Thanks for the information. I will purchase TI 2011 then. I don't really care about file level backup, or NSB. It would be great if Acronis would make a single client version for us Linux users (Considering the bootable media is a Linux version anyway).

I use a very simple and great program (Deja-Dup) for files / folders under Linux. I just needed a way of backing up drives that contain both NTFS & EXT4 partitions. Clonzilla works great for EXT4, but when the HD has both NTFS/EXT4 it won't compress and does a S by S copy which takes for ever.

If I didn't have NTFS on the drives, I'd just use clonezilla because it will compress the drive in about 4 minutes and about the same amount of time to restore it. This works great on my tower systems, but my laptops multi-boot Vista/Linux and Win7/Linux. That particular combination doesn't work well with cloneziaal. I'm assuming that TI 2011 will be able to compress the multi-boot drives without problems. I did find another product that con do this, but since I've been a past user of TI from WAY BACK, I thought I'd throw them some coin if they are up to the task.

Why not download the trial version before you part with any money!

Colin B wrote:

Why not download the trial version before you part with any money!

Okay, I'll do just that. I have one question though... I received an offer to upgrade for $29, do I have to install my older version and then the upgrade version on top of that? OR... Can I just install the upgrade version without having to jump through a bunch of hoops?

You can install just the upgrade version, you will just need to provide your old serial number and your new one at the appropriate boxes.

I faced the same problems with ext3 filesystems and 256 byte inodes with TI-10. I learn, with TrueImage 2011 this problems should have gone. At least, if I backup/restore the files from TI 2011 running at windows.

My question: What about backing up / restoring, from recovery media, or from TI-2011 Plus pack version included in Win-PE? Is there support for ext3/4 with 256 byte inodes inside or not? (on WEB I can only find the information plus pack supports filesystems: ext2/3/reiser FS; When working with PE-Boot-CD, will I have the same problems like before ???)

Thanks

I'm finding that it works very well with EXT3/4. The only issue I seem to recall was that the backup would not save to an external EXT4 drive. It would backup an EXT4 drive, but I had to use an NTFS drive to save the *.tib file to. It's not idea but it's okay for me.

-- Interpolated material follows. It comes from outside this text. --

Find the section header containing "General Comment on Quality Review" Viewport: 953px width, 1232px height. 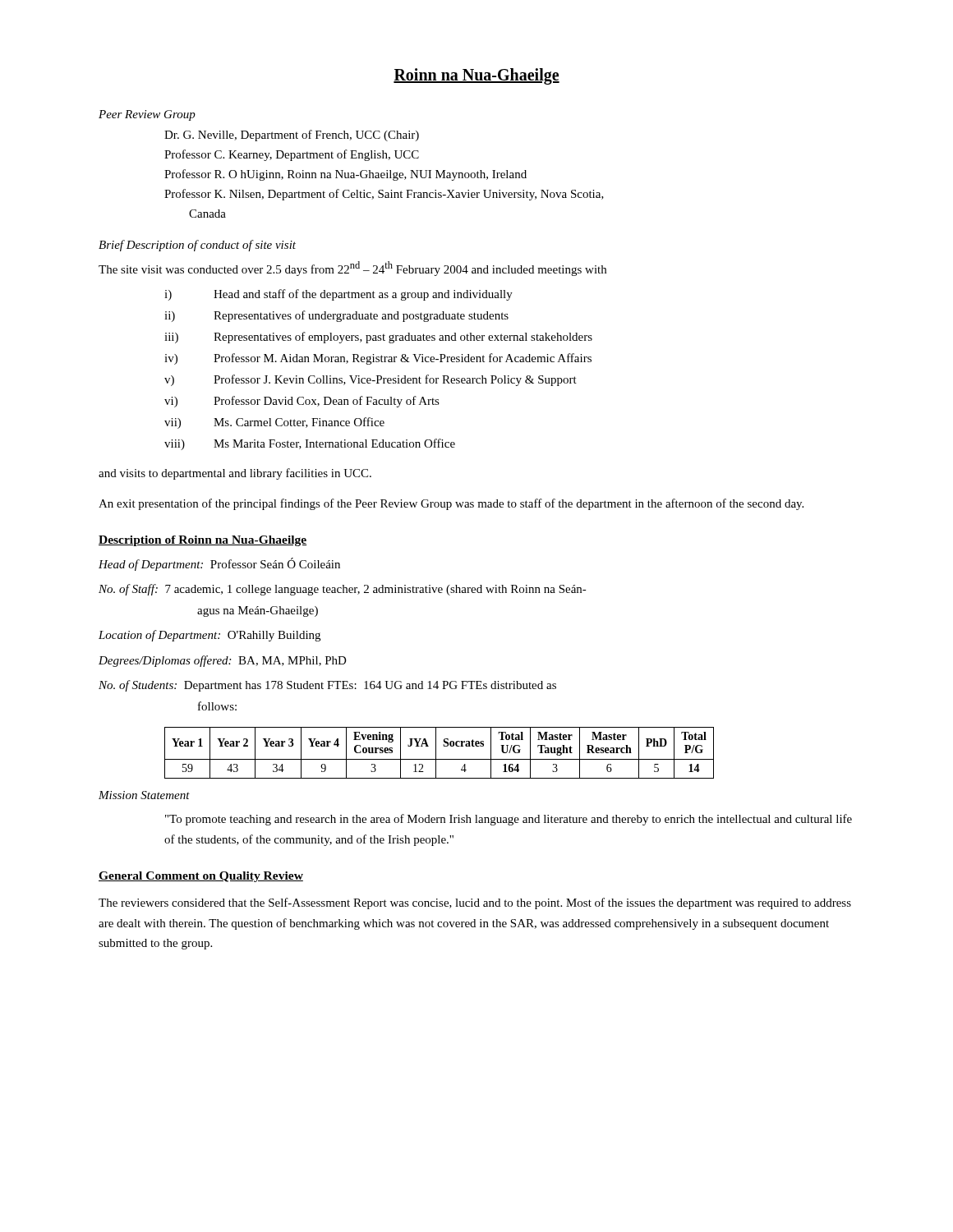201,877
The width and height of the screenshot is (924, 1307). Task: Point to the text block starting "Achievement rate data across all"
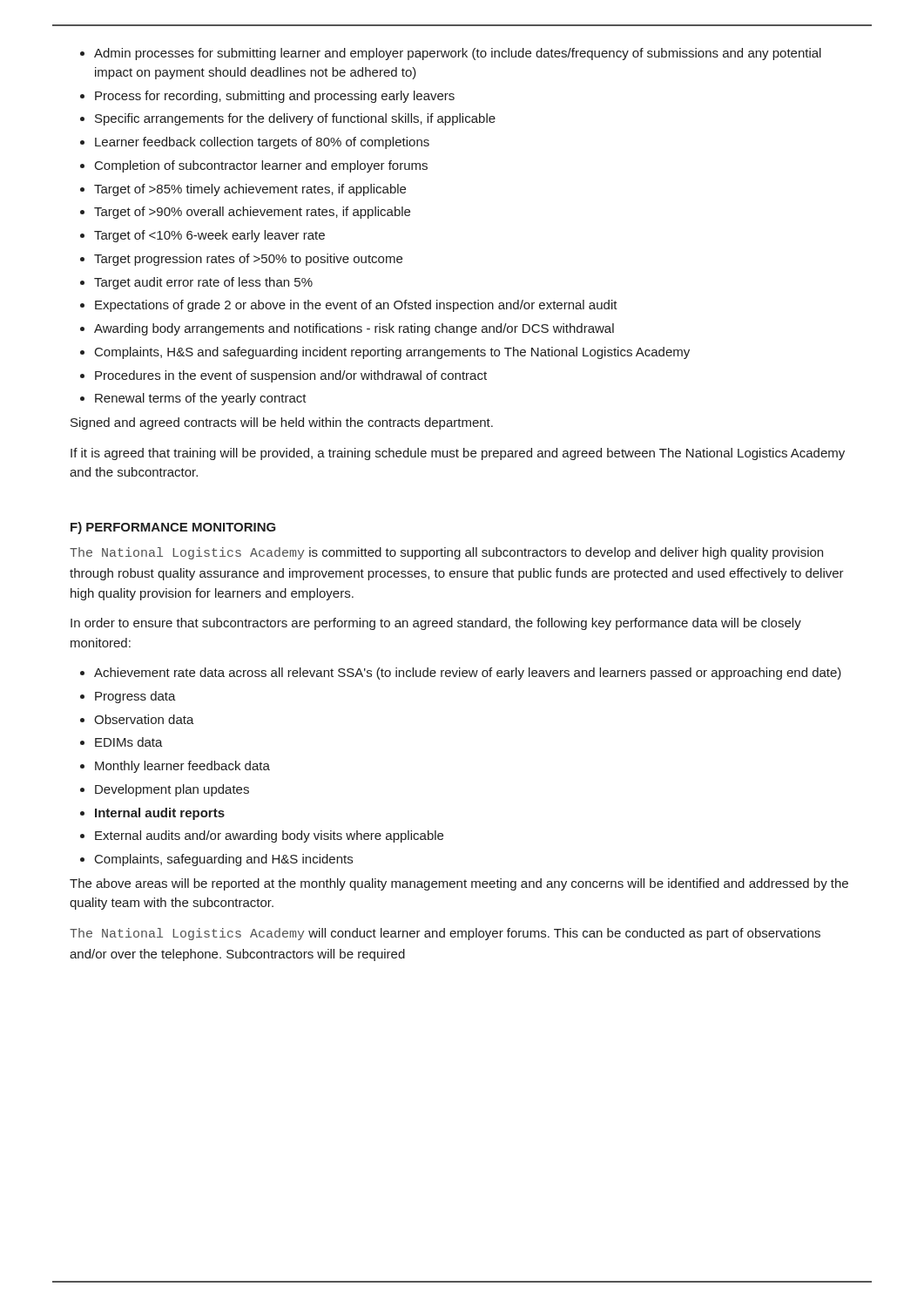pyautogui.click(x=461, y=674)

Also I forgot to mention, I don't use windows at all so the rescue media is the only method I use for making drive images. I haven't restored a .tib file from optical media as it's too small and slow for my use, but using the recovery disc to boot with, I have no problems restoring from various other hard drives.

Hope that made sense... :-)

Got here late, but have a question. I've used Clonezilla to backup a portable USB drive that has Ubuntu on an ext4 partition and other NTFS partitions that I use purely as backup destinations, so I've never tried to back them up. Anyway, I find that Clonezilla compresses my Linux system backups (ext4) even though I have other NTFS partitions on that drive. Under what conditions are you seeing it only do a SBS backup and not compressing?